Lorsqu’un jour, un homme est assassiné dans la Jungle, c’est Bastien qui est chargé d’intervenir. C’est à ce moment que va se produire la deuxième immensément forte rencontre de cette histoire : celle de deux flics appartenant à deux mondes situés aux antipodes l’un de l’autre, qui vont devenir co-équipiers. Ils vont enquêter tous deux sur cette mort, puis sur une deuxième, et sur les intentions de l' »Ombre », un migrant soupçonné d’être un recruteur de djihadistes…

Avec l’horreur en toile de fond, les émotions nous assaillent tout au long de la lecture. On tremble en lisant la recherche désespérée d’Adam, dont on sait qu’il ne retrouvera jamais sa famille. On est émus au plus profond de notre âme lorsqu’il trouve dans la famille de Bastien, une seconde famille à laquelle vient se greffer Kilani dont le rêve, comme celui de beaucoup, est d’atteindre le « yuké » et pour lequel ils vont tous s’unir pour qu’il le réalise.

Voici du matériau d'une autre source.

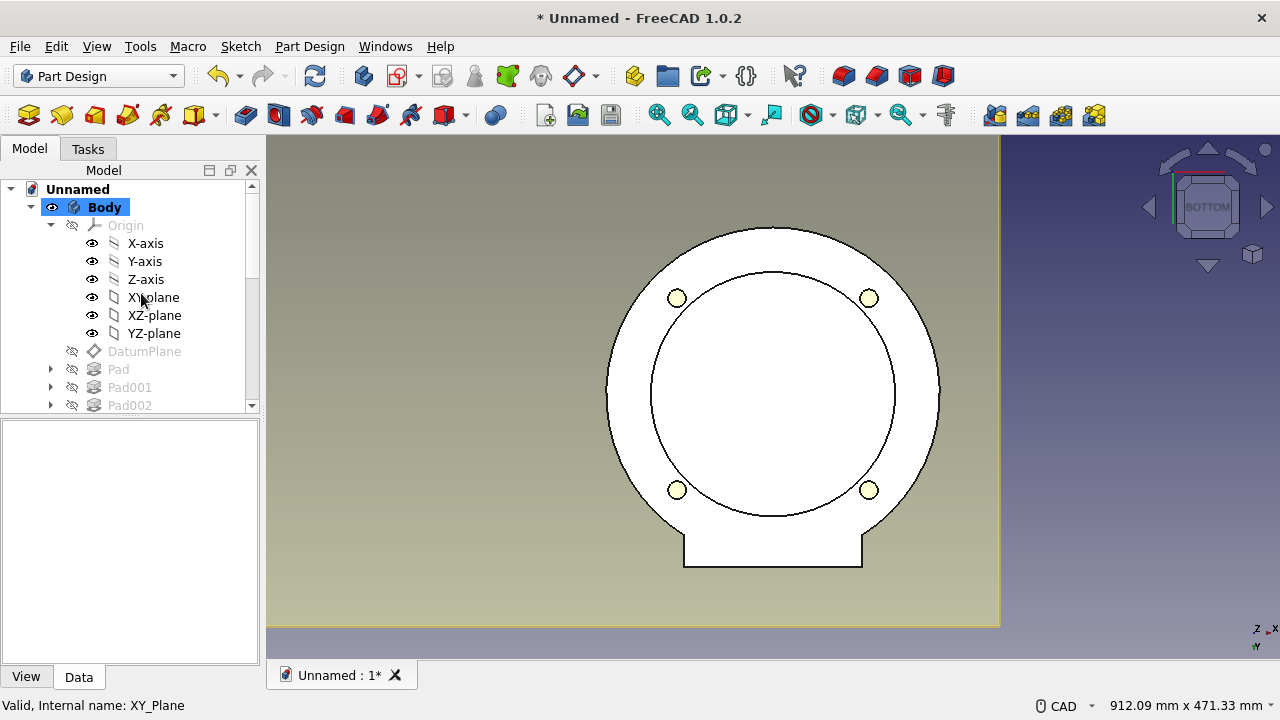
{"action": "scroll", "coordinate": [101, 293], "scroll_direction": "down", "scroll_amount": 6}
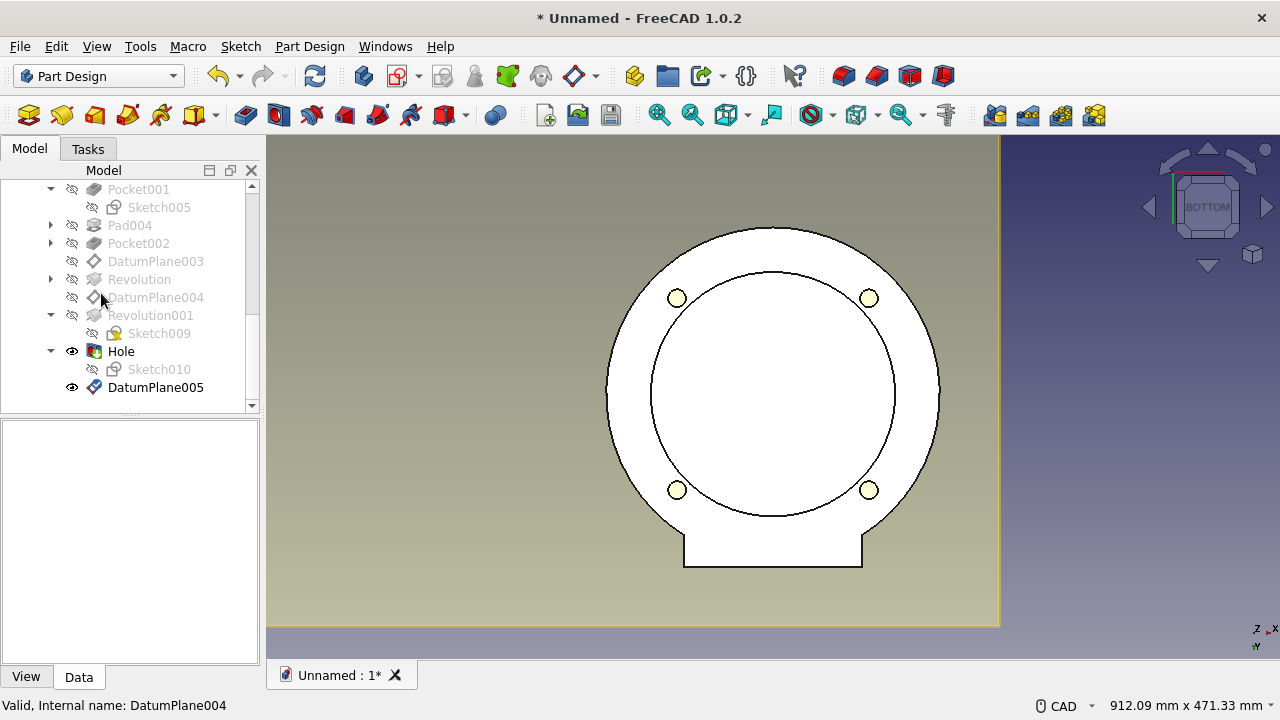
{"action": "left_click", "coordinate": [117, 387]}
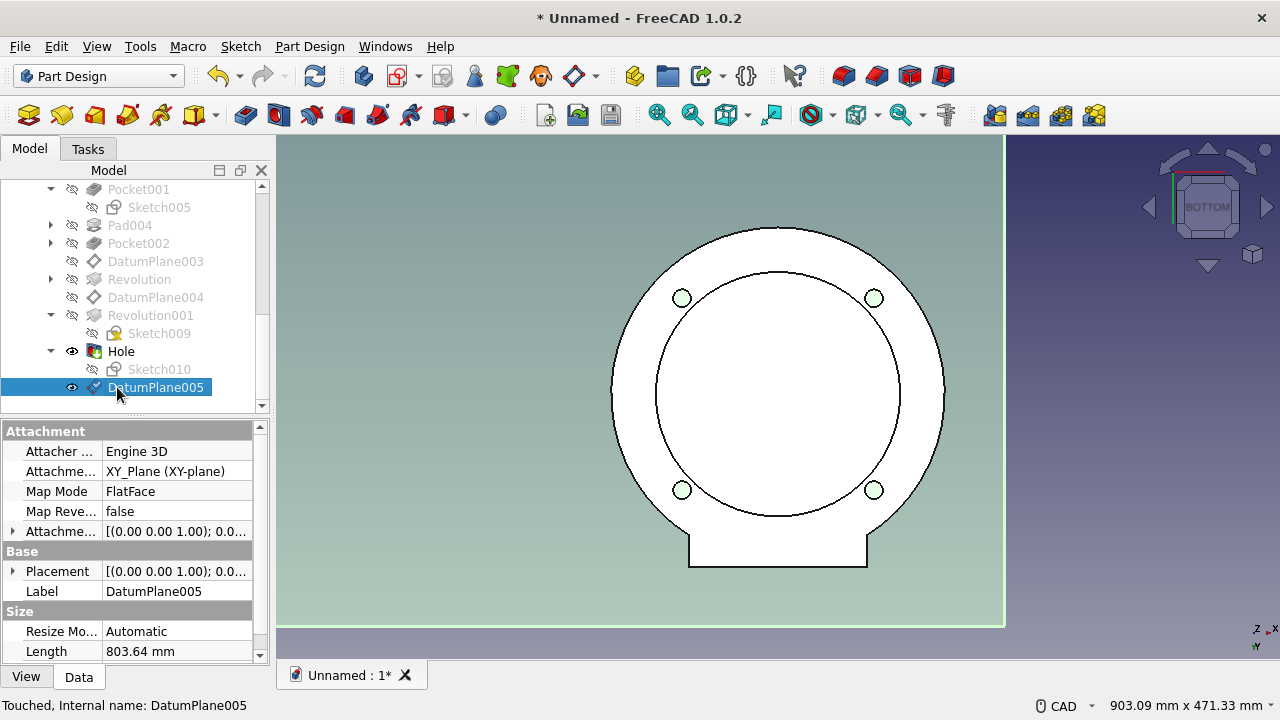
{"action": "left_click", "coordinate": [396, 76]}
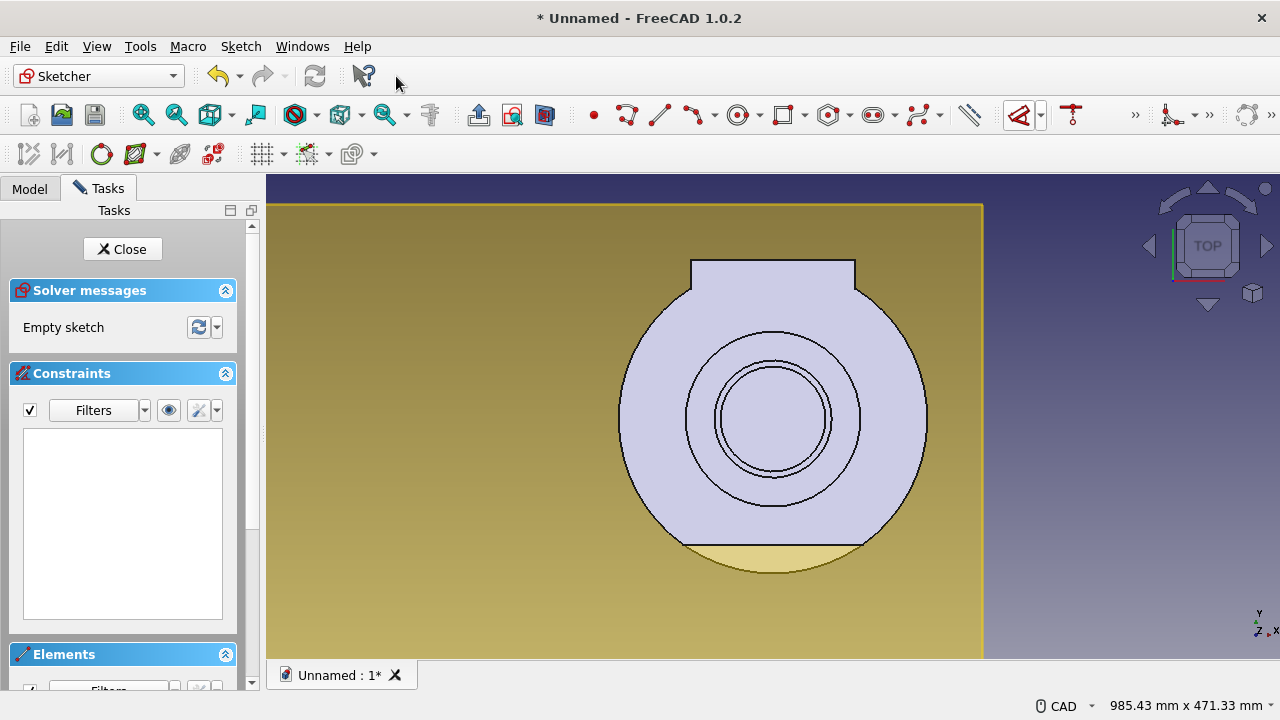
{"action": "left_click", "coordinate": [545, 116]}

Quel déchirement de refermer un tel livre ! De dire adieu à ces personnages auxquels on s’est attaché avec une telle force ! De se résigner à accepter une telle fin, aussi dure, aussi dévastatrice.

J’ai eu un coup de coeur ABSOLU pour ce livre. Jamais je n’aurai pensé être aussi bouleversée par un polar. Les mots d’Olivier Norek nous vont droit au cœur, impossible de ne pas fondre en larmes en lisant le récit de Kilani qui a vu les siens mourir sous ses yeux, en assistant à la construction d’un cocon familial autour du jeune garçon, de voir la complicité entre Adam et lui, de lire le drame de ces familles déchirées par la guerre qui ont tout perdu, qui paient des passeurs des fortunes pour se retrouver dans un endroit où personne ne leur tend la main, de l’enfer vécu par ces migrants, de la cruauté de ceux qui font du malheur des autres leur commerce.

Je suis tellement reconnaissante à Olivier Norek pour ce merveilleux cadeau qu’il a fait à ses lecteurs. Si j’ai la chance qu’il lise ma chronique, je voudrais le remercier pour ce livre tellement beau, tellement fort.

Entre deux mondes d’Olivier Norek : en grand format chez Michel Lafon (octobre 2017), en format poche chez Pocket.